Lütfen biri bana, "O iş öyle değil, şöyle" desin.

AHMET HAKAN'DAN İSTEĞİM

Sevgili Ahmet kötü bir olay yaşadın. Üzüldük. Şimdi iyileşiyorsun. Seviniyoruz.

Yakında yazmaya da başlarsın. Yazılarını özledik.

Ama lütfen. İlk yazında.

Yeraltı dünyası isimleri arasında adı geçen Sedat Peker'le evde kahve içecek kadar samimi olmanın nedenini de yazarsan sevinirim.

Umarım beni kırmazsın, gözlerinden öperim.

HÜRRİYET'E TEŞEKKÜR

Bir zamanlar. Medya bu kadar kirlenmeden.

"Haberde fikr-i takip" kavramı vardı. Haber yapılır, sonra olanlar da haberleştirilirdi.

Sonra sonra o da unutulmuştu.

Hürriyet, Bağdat Caddesi'nde, çiçekçiyi ezen ve ortadan kaybolan sürücü konusunu takip etti. Sürücünün bulunamayışını haber yaptı.
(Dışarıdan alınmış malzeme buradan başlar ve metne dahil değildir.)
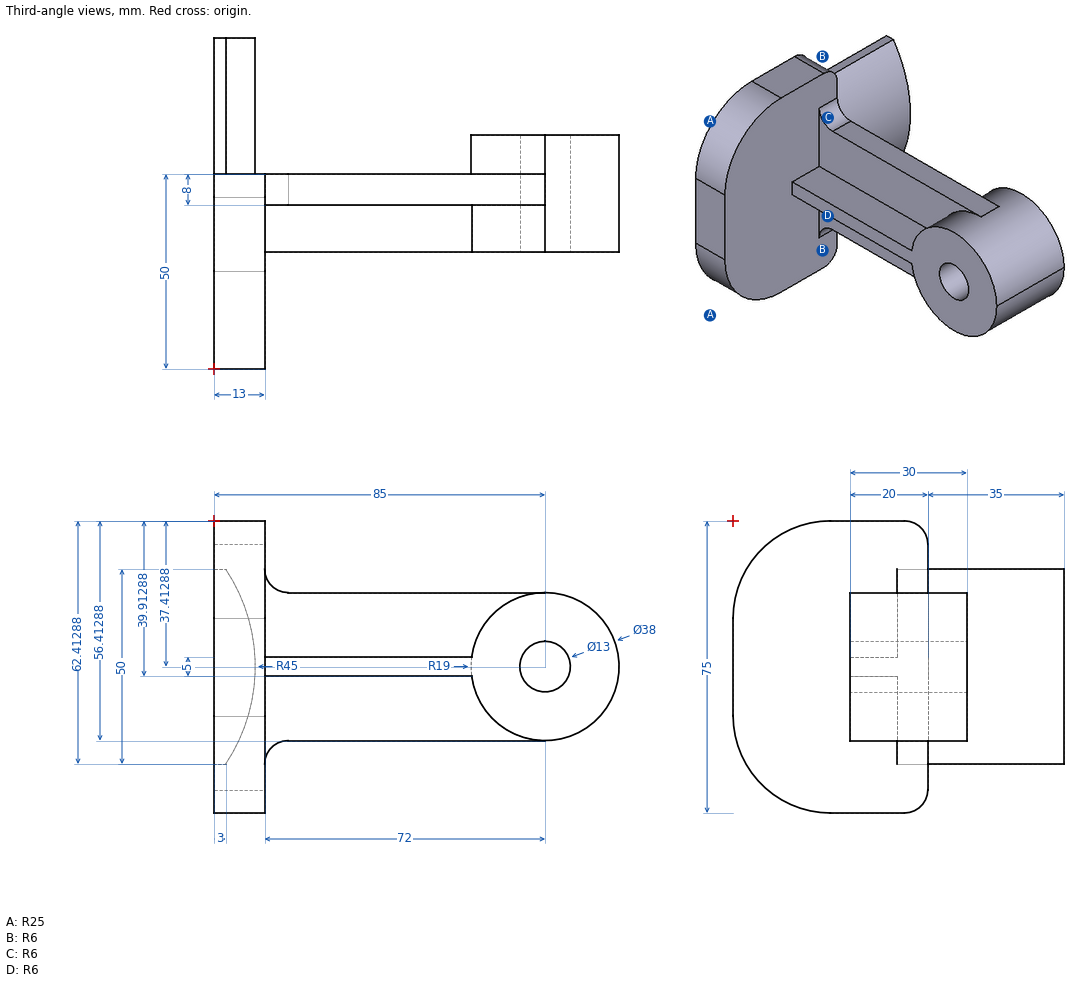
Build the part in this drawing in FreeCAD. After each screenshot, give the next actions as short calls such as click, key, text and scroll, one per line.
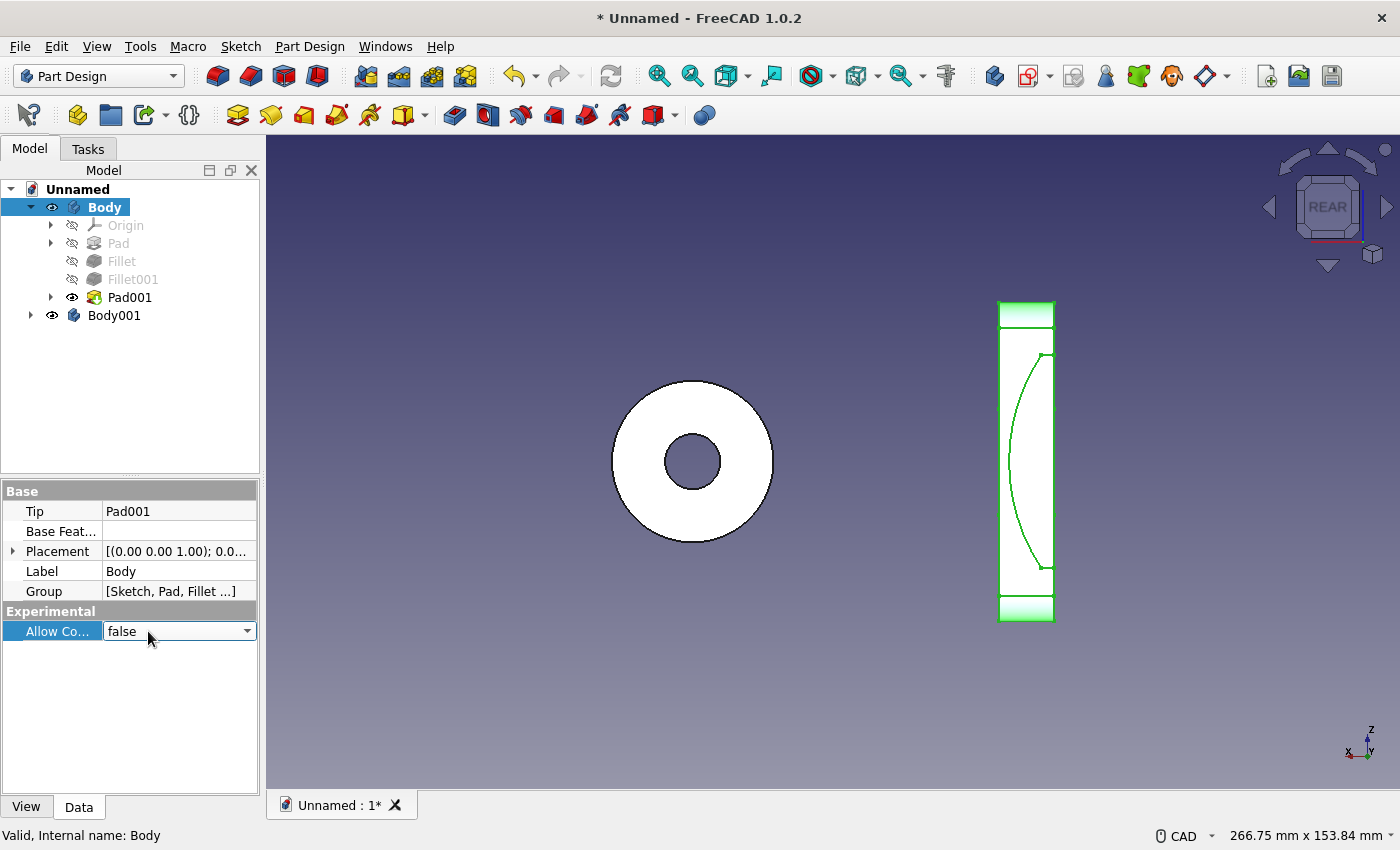
click(148, 631)

Taa ki, sürücü tutuklanana kadar. İnsan böyle bir durumda şöyle demez mi: İyi ki Hürriyet var.

AKLIMDA KALAN

Poyrazköy davasının sonucu: Ergenekon, Balyoz davalarında olduğu gibi Poyrazköy davası da sonuçlandı. Tutuklananlar serbest kaldı, suçlananlar aklandı. Mahkeme sahte delil üretenler hakkında suç duyurusunda bulunma kararı aldı. Sahte delil üretenlerin hesap vermesi ve cezalandırılması konusunu takip edecek gazeteciler var. Belge kalpazanlarını unutmamak, unutturmamak gerekiyor. Suçlular tutuklanmadan, suçsuzlar rahat uyuyamaz.